Taxify, an Estonian ride-hailing app, has launched a trial of its service in Kampala, the seventh African city it is expanding to.

The start-up has signed up 100 taxi drivers for the pilot scheme, according to sources. It has also placed ads on Facebook for people to “drive Taxify around Kampala to earn extra money”.

The entry of Taxify comes 16 months after Silicon Valley-based Uber started operating in Kampala and parts of Wakiso. Uber currently has 48,000 active riders and 1000 drivers in Uganda, according to figures it shared recently.

Uganda is the fourth sub-Saharan Africa country Taxify is expanding to. Currently, it operates in South Africa, Kenya, and Nigeria. In Kenya it operates in Nairobi – where it launched in June 2016 – and Mombasa, where it launched this September.

The app typically charges a 15% commission on trip fares, with drivers retaining the rest. This makes it an attractive option for drivers when compared to Uber, which takes a 25% cut.

“Taxify’s biggest advantage is the focus on good service by treating the drivers and riders better than other platforms. This means having higher pay for drivers, thanks to lower fees,” its chief executive, Markus Villig, told Reuters.
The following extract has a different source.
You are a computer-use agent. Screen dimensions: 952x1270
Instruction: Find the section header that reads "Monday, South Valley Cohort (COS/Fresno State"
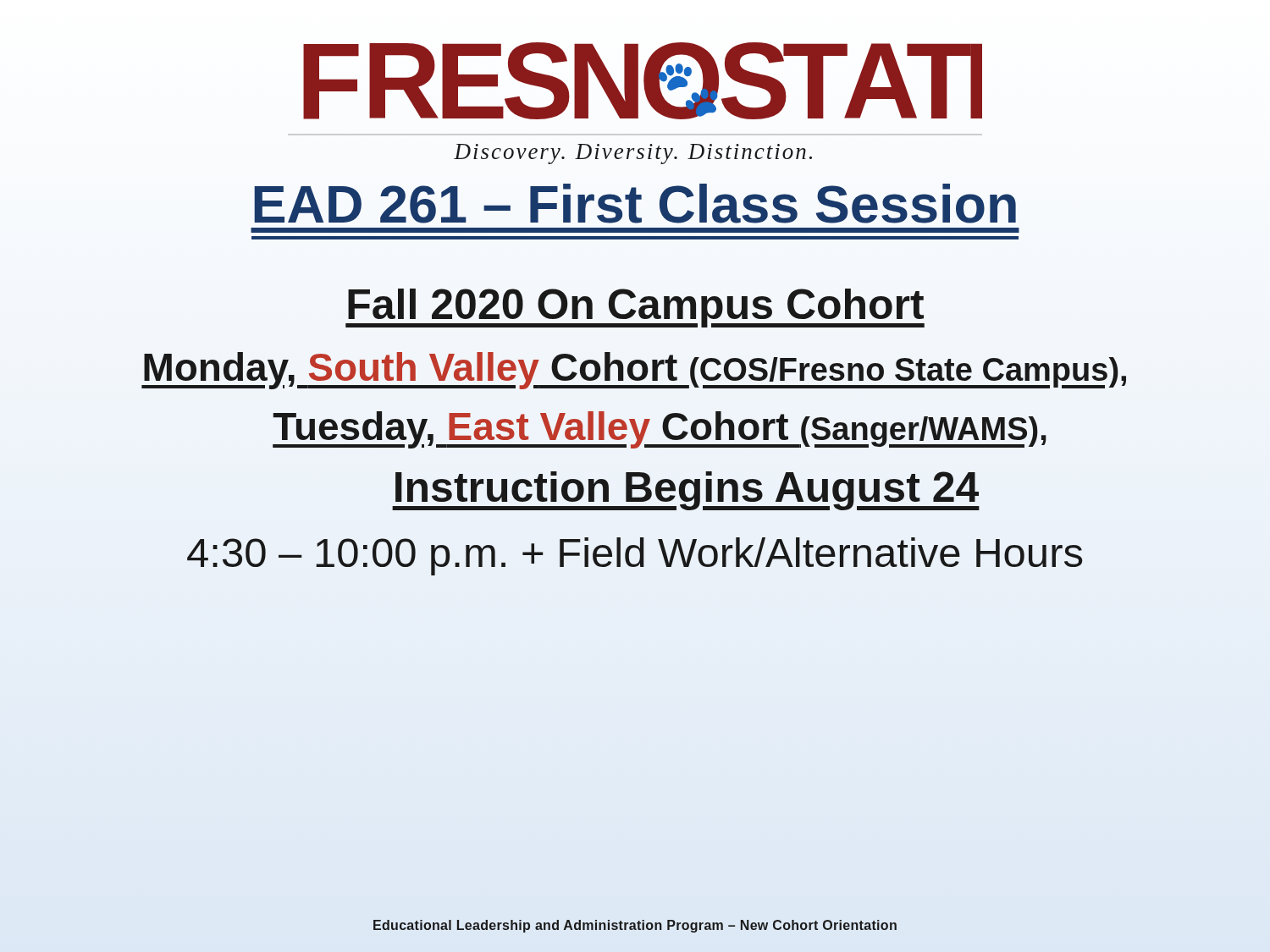pyautogui.click(x=635, y=367)

That argument will resonate well with Uber drivers in Kampala who have grumbled about the app since it cut prices in February. Several drivers this website has spoken to say this, in addition to fewer incentives compared to when it had just launched, reduces what they earn from Uber to a bare minimum. Some have resorted to cheating customers, blaming the low earnings.

The prices that show in the Taxify app are lower than those charged by Uber. Its base fare is Shs950 versus Uber’s Shs1,100, and each kilometre costs Shs600 while every minute on the trip is charged Shs150; Uber charges Shs750 and Shs150 per kilometre and per minute, respectively.

Getting a taxi through Taxify at the moment is next-to-impossible, however. Although the app allows booking and setting a destination – unlike a few weeks back when those options were unavailable – it kept showing that no drivers were available. The best we got in our repeated attempts to order was: “All cars are busy. Please try again.”

The company told Uganda Business News it is “currently not ready to disclose the details yet” about its expansion to Kampala.